Field essentialism, field realism, and field pragmatism lurk behind nearly all the great debates in metascience. For instance, should we insist on doctrinaire definitions of Science, or allow for a broader scope of approaches? Essentialists versus pragmatists. Should funders intervene to deliberately blow up “monopolistic” consensus in research fields? Realists versus essentialists. And, can funders influence researcher behavior at all given the motivations that really drive most of the best work? Realists versus pragmatists.
In Macroscience, I’ve often leaned in favor of a ruthless form of field pragmatism. But, whatever your point of view, these deeper philosophical differences will need to come into sharper focus as metascience increasingly confronts questions around the kind of science and scientists it wants to champion.
"Physics exists not simply because cabals of power-hungry academics were able to get the grant funding to go their way over decades. It exists because it maintains a phenomenally potent lens through which to analyze problems in the world."
I think viewing fields as "lenses," not subject matter, is a pretty nice insight here. George Whitesides (Harvard Chemistry professor, highest h-index of any living scientist in 2011) has a paper out advocating for "physical organic chemistry" as a way of thinking that's actually not specific to chemistry at all, but as a "a strategy for studying complex problems, where the focus is
on isolating one type of variation (usually a variation in the structure of the components), and on
correlating that variation with some property or function of interest."

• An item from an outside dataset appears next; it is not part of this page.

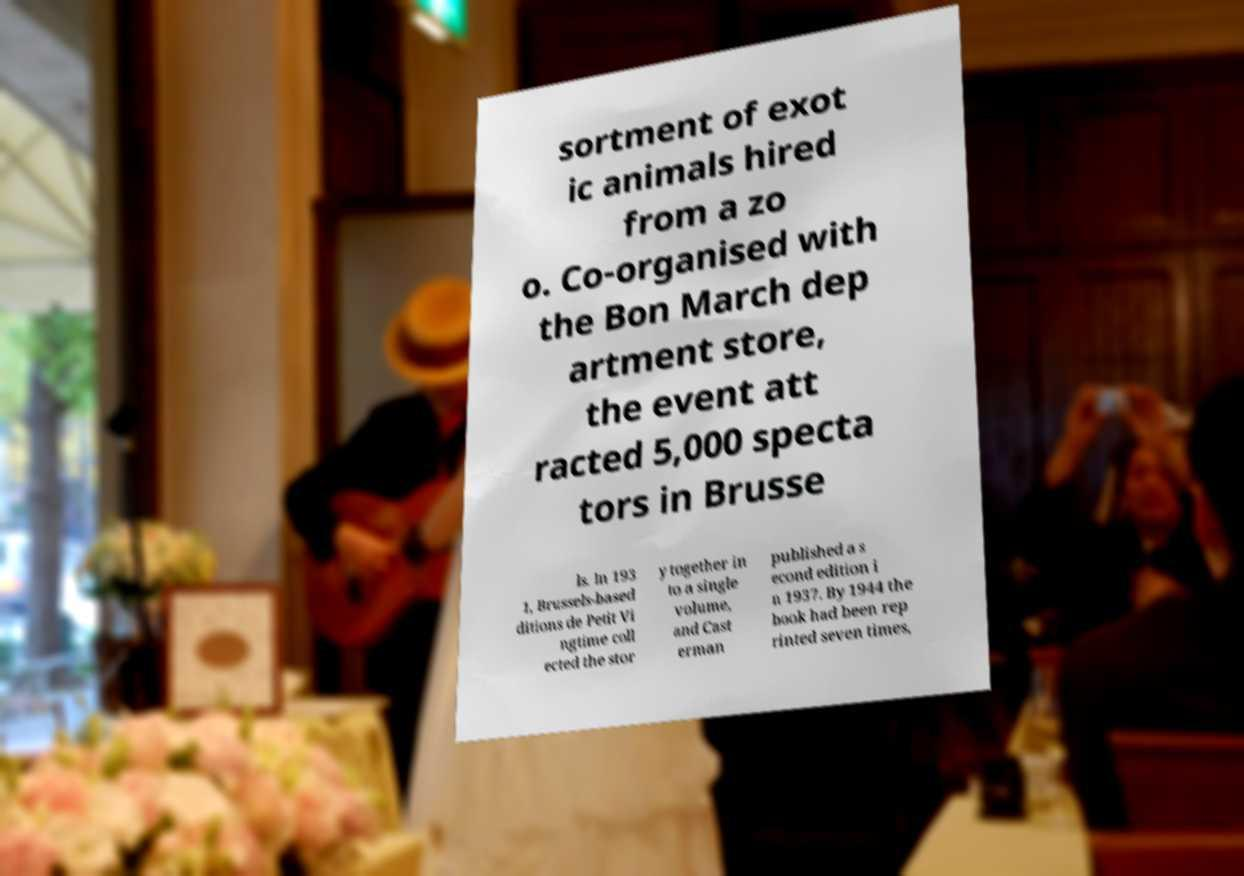Please read and relay the text visible in this image. What does it say? sortment of exot ic animals hired from a zo o. Co-organised with the Bon March dep artment store, the event att racted 5,000 specta tors in Brusse ls. In 193 1, Brussels-based ditions de Petit Vi ngtime coll ected the stor y together in to a single volume, and Cast erman published a s econd edition i n 1937. By 1944 the book had been rep rinted seven times,

https://dash.harvard.edu/bitstream/handle/1/29914188/Phys_Org_Whitesides_Revised_Final_10.13.15.pdf
Another legendary piece in this field is Yuri Lazebnik's "Can a biologist fix a radio?" - https://www.cell.com/cancer-cell/pdf/S1535-6108(02)00133-2.pdf The author's pessimistic conclusion is that the language/worldview of biology, as it presently exists, renders it incapable of understanding an object as complex as a transistor radio - the language and schematics of biology have adapted in such a way that makes them poorly suited to complex quantitative analysis.
I love ontological surgery. One framework which really shaped my thoughts is Jerry Jacob's In Defense of Disciplines (review link: https://medium.com/mbf-data-science/2023-in-books-9450e131475a).
There is certainly a realist view that fields are primarily about power, in a way strongly analogous to realism in international relations. That knowledge is a proxy for prestige, funding, and the stability of an identity over time. That it's the maintenance of the labor cartel by those at its center. To offer another pragmatist metaphor, "field" is more ecological. The subject of research, the raw material, is differently distributed like various regions on Earth have different climates and nutrient loads. Some approaches thrive better in different fields than others. And zooming back, we can see many of the same ecotypes as successful research approaches flourish, and less robust ones wither away.